══ Input ══

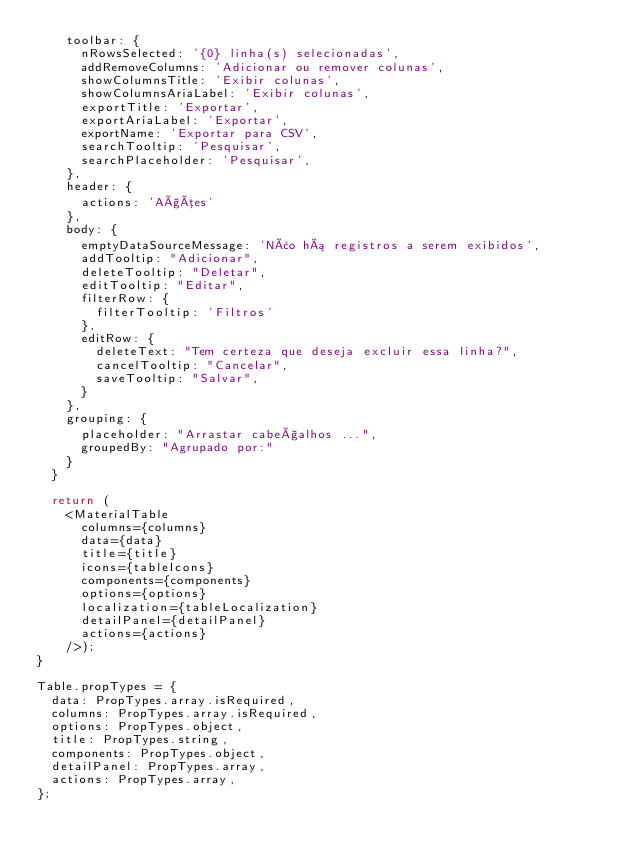Convert code to text. <code><loc_0><loc_0><loc_500><loc_500><_JavaScript_>    toolbar: {
      nRowsSelected: '{0} linha(s) selecionadas',
      addRemoveColumns: 'Adicionar ou remover colunas',
      showColumnsTitle: 'Exibir colunas',
      showColumnsAriaLabel: 'Exibir colunas',
      exportTitle: 'Exportar',
      exportAriaLabel: 'Exportar',
      exportName: 'Exportar para CSV',
      searchTooltip: 'Pesquisar',
      searchPlaceholder: 'Pesquisar',
    },
    header: {
      actions: 'Ações'
    },
    body: {
      emptyDataSourceMessage: 'Não há registros a serem exibidos',
      addTooltip: "Adicionar",
      deleteTooltip: "Deletar",
      editTooltip: "Editar",
      filterRow: {
        filterTooltip: 'Filtros'
      },
      editRow: {
        deleteText: "Tem certeza que deseja excluir essa linha?",
        cancelTooltip: "Cancelar",
        saveTooltip: "Salvar",
      }
    },
    grouping: {
      placeholder: "Arrastar cabeçalhos ...",
      groupedBy: "Agrupado por:"
    }
  }

  return (
    <MaterialTable
      columns={columns}
      data={data}
      title={title}
      icons={tableIcons}
      components={components}
      options={options}
      localization={tableLocalization}
      detailPanel={detailPanel}
      actions={actions}
    />);
}

Table.propTypes = {
  data: PropTypes.array.isRequired,
  columns: PropTypes.array.isRequired,
  options: PropTypes.object,
  title: PropTypes.string,
  components: PropTypes.object,
  detailPanel: PropTypes.array,
  actions: PropTypes.array,
};
</code>

═══

## What to do
Scan the records above for the string "components", then copy each line where it turns up.

## Exercise response
      components={components}
  components: PropTypes.object,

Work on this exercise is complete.